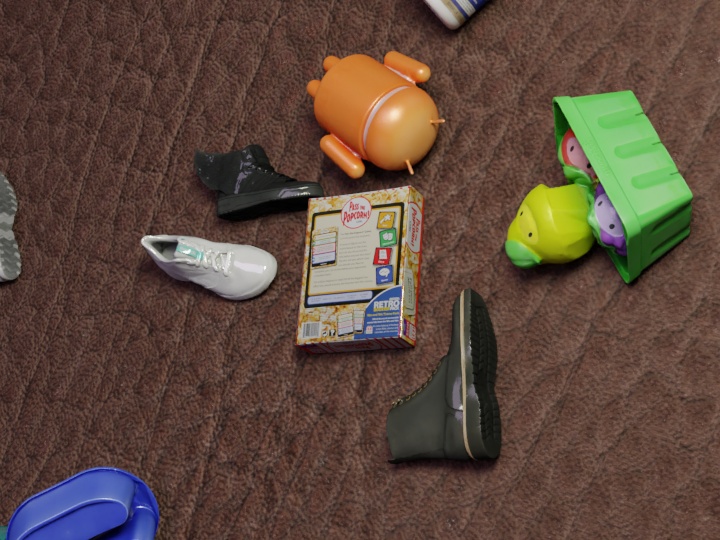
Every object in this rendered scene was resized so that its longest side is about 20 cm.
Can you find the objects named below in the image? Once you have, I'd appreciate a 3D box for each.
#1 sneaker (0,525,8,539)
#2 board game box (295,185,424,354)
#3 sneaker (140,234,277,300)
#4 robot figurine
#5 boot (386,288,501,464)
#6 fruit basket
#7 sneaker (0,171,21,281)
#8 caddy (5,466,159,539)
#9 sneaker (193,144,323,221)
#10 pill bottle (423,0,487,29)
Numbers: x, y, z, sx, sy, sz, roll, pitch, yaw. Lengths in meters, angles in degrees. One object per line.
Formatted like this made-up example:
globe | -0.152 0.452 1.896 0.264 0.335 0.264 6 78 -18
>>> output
sneaker | -0.453 0.357 1.714 0.120 0.084 0.201 26 86 24
board game box | 0.000 0.000 1.620 0.151 0.046 0.201 -5 69 27
sneaker | -0.209 -0.013 1.715 0.199 0.088 0.076 8 74 30
robot figurine | 0.019 -0.202 1.648 0.144 0.117 0.200 -32 51 -28
boot | 0.087 0.128 1.510 0.138 0.077 0.201 -12 65 30
fruit basket | 0.254 -0.082 1.465 0.214 0.156 0.217 -5 62 9
sneaker | -0.574 -0.071 1.944 0.082 0.075 0.201 -20 63 19
caddy | -0.352 0.336 1.618 0.199 0.142 0.105 -26 18 -2
sneaker | -0.139 -0.129 1.738 0.199 0.060 0.105 -10 71 29
pill bottle | 0.156 -0.419 1.655 0.200 0.116 0.116 -41 57 9
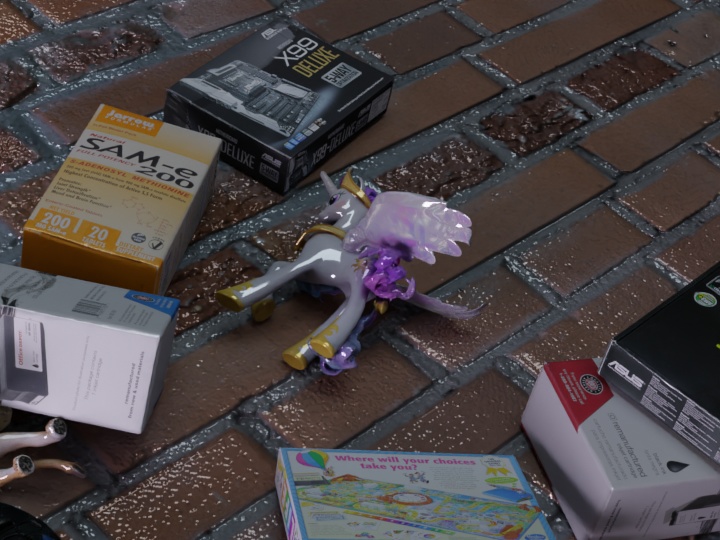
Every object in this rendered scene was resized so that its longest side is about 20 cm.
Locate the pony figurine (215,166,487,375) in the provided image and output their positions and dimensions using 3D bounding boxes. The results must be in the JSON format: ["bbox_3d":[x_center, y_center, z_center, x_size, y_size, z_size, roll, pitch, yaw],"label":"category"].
[{"bbox_3d":[0.000,0.000,1.303,0.193,0.167,0.200,25,57,23],"label":"pony figurine"}]

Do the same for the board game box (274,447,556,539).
[{"bbox_3d":[0.041,0.190,1.142,0.200,0.034,0.134,4,24,-12],"label":"board game box"}]

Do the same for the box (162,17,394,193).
[{"bbox_3d":[-0.083,-0.177,1.529,0.158,0.050,0.200,31,44,18],"label":"box"}]

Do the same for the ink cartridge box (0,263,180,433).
[{"bbox_3d":[-0.254,0.054,1.157,0.200,0.084,0.145,12,9,-3],"label":"ink cartridge box"}]

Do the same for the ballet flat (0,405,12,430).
[{"bbox_3d":[-0.363,0.133,1.107,0.200,0.066,0.057,-11,67,-20],"label":"ballet flat"}]

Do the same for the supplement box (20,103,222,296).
[{"bbox_3d":[-0.216,-0.057,1.340,0.126,0.074,0.200,16,41,1],"label":"supplement box"}]

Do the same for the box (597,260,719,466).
[{"bbox_3d":[0.333,0.091,1.232,0.200,0.048,0.193,39,43,25],"label":"box"}]

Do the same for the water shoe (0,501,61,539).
[{"bbox_3d":[-0.217,0.217,1.033,0.200,0.079,0.071,40,47,26],"label":"water shoe"}]

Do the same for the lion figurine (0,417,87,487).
[{"bbox_3d":[-0.310,0.135,1.060,0.200,0.122,0.073,34,37,-40],"label":"lion figurine"}]

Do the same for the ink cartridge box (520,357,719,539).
[{"bbox_3d":[0.260,0.146,1.247,0.200,0.083,0.147,-4,45,-20],"label":"ink cartridge box"}]
+===+
Copy, word for word, the entries above from the first line to the line that holds "globe | -0.152". Drop the pictures.

__Answer space__:
Every object in this rendered scene was resized so that its longest side is about 20 cm.
Can you find the objects named below in the image? Once you have, I'd appreciate a 3D box for each.
#1 sneaker (0,525,8,539)
#2 board game box (295,185,424,354)
#3 sneaker (140,234,277,300)
#4 robot figurine
#5 boot (386,288,501,464)
#6 fruit basket
#7 sneaker (0,171,21,281)
#8 caddy (5,466,159,539)
#9 sneaker (193,144,323,221)
#10 pill bottle (423,0,487,29)
Numbers: x, y, z, sx, sy, sz, roll, pitch, yaw. Lengths in meters, angles in degrees. One object per line.
Formatted like this made-up example:
globe | -0.152 0.452 1.896 0.264 0.335 0.264 6 78 -18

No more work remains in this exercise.